“I understand two of your neighbor’s cows got hit by railway trains last week.”

“Yep. An’ he got cash fur ’em, too. I don’t see how that feller trains his cattle not to shy at a locomotive.”—Washington Star.

When the public magnifies the cash returns from ticket sales and freight traffic it has not an accurate conception of the immense sums paid out annually by the railway companies for the adjustment of even small claims. Traffic Manager Adam Scott of the F. W. Woolworth Company, with eighty-five stores in Canada, was instrumental in having authorized during the past fiscal year $16,000 in vouchers issued to write off small claims on less than carload shipments of glassware and crockery. This firm controls nine hundred and ninety-eight stores in America and the sums involved in this phase of profit and loss must be immense.

On one occasion the Great Northern Railway wrote the Heinz Pickle Company, Leamington, Ont., regarding the collection of an undercharge amounting to $40.09, which arose from an error in prepaying the freight charges on a carload shipped to Vancouver, B.C. The Pickle Company’s Traffic Manager, at Pittsburg, Pa., working in accordance with the Inter-state Commerce Act Rules, promptly acknowledged the liability in an elaborate statement, with cheque, assuring the railway company that the correct amount of the discrepancy was, on further investigation, found to be $80.45. In other days we all knew some people who would have gasped at such an evidence of gratuitous fair dealing, but to quote from William Shakespeare, the listener would be fit for “treason, stratagem and spoils” whose risibilities are not tickled with a recital of the claim of a cautious old sexton, made on the Canadian Northern Railway at Winnipeg for two funeral tollings at $2 each which he would have received had the railway delivered the expected church bell in time.

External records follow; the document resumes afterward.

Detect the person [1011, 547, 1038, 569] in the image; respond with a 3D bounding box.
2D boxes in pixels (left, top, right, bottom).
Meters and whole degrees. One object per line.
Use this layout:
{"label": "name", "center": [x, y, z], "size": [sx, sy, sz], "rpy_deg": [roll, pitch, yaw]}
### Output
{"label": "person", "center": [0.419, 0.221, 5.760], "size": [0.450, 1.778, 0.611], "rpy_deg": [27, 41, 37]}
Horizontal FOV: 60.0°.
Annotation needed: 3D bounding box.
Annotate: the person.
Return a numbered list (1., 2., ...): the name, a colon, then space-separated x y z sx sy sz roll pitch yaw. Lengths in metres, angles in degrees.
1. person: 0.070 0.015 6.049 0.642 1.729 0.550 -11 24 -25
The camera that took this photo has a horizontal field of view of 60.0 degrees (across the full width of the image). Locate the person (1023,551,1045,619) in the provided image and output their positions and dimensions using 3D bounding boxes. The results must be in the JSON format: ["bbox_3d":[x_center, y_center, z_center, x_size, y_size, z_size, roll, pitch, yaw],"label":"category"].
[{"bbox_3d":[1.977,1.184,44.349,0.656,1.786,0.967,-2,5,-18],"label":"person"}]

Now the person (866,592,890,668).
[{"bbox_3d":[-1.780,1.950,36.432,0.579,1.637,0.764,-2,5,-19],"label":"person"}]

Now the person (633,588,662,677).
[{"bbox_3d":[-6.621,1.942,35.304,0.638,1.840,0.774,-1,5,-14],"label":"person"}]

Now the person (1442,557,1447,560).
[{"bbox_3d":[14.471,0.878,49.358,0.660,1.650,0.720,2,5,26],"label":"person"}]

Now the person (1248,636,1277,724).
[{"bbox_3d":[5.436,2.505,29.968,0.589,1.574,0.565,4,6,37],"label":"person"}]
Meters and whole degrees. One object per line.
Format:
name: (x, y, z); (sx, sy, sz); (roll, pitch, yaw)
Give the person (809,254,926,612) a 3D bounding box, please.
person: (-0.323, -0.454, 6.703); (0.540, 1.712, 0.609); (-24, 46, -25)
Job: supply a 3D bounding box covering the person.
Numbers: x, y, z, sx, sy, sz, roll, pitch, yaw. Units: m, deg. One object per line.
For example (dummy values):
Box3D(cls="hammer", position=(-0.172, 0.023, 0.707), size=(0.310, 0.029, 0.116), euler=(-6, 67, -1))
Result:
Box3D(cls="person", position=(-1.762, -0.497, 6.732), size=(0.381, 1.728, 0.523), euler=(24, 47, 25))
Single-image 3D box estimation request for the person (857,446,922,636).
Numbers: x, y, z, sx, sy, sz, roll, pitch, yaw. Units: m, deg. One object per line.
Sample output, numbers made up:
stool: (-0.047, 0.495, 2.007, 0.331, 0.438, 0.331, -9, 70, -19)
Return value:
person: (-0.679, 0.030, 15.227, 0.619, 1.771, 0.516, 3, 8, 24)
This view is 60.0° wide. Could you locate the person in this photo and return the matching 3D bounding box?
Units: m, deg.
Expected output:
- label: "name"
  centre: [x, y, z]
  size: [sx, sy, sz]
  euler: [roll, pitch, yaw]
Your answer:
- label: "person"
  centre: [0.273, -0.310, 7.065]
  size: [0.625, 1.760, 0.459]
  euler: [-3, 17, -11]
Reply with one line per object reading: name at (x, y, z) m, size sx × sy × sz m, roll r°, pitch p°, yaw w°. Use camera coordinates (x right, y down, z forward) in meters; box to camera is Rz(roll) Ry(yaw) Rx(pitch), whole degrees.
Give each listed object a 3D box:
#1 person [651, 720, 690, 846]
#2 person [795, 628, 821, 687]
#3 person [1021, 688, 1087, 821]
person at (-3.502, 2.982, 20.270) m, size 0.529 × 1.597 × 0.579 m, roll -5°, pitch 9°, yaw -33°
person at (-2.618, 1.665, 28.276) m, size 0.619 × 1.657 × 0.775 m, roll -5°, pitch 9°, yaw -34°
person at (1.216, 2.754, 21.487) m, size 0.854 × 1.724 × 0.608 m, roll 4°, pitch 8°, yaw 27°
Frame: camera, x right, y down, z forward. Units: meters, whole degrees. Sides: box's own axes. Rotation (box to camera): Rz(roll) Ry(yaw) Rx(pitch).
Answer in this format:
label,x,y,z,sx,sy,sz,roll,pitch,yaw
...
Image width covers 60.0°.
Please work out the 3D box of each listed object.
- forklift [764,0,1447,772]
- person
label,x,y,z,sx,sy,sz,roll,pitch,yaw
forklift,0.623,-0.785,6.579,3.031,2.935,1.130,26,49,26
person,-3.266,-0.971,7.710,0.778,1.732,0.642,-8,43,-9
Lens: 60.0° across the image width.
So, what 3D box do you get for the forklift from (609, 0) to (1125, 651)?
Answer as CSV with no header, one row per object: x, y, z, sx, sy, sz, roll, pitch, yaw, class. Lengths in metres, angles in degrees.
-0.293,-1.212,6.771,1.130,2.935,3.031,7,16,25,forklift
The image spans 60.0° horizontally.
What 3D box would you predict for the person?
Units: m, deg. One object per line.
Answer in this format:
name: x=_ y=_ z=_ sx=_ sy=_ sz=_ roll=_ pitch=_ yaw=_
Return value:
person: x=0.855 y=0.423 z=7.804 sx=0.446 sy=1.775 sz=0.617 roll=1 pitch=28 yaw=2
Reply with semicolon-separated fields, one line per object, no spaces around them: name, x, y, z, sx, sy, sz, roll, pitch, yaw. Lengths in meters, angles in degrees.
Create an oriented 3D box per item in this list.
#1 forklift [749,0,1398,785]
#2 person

And so the old world and the amusing people on it, with their pleasantries and foibles, roll across the stage of every-day existence.


LINES ADDRESSED TO FREDERICK P. NELSON
Traveling Agent, Grand Trunk Railway, on the occasion of his marriage, Hamilton, Canada, May 27th, 1912

“We must encourage the young,” said a former acquaintance of your father—a benevolent old benedict—who cheerfully swung into line with the friends wishing to mark your approaching marriage and who would honor you with more than the sentiments expressed herein.

The matrimonial contract of that railroading knight is nearing completion; yours is about to be undertaken with ideals, hope and resolve. Undoubtedly the trail will develop many joys and some kinks in the path, but we are convinced that you can measure up to the best traditions of the lords of creation. Those who have basked in the rays of your genial personality prophecy you will prove docile “In bond” and all of us will “Watch your smoke.”

You spring from sturdy stock, long identified with railway construction in Canada, and since those other days in the loft of Hamilton’s smoke smeared freight shed, down the avenue of occupations in your native city, abroad in Western Ontario and throughout the business zone of Toronto, few dare question your reputation for urbanity, commercial sense and thoroughness. Where master and man wrest for silver fortunes in Cobalt Camp, they say your methods and diplomatic behavior were “as smooth as a kitten’s wrist” and a decided asset to the Grand Trunk Railway.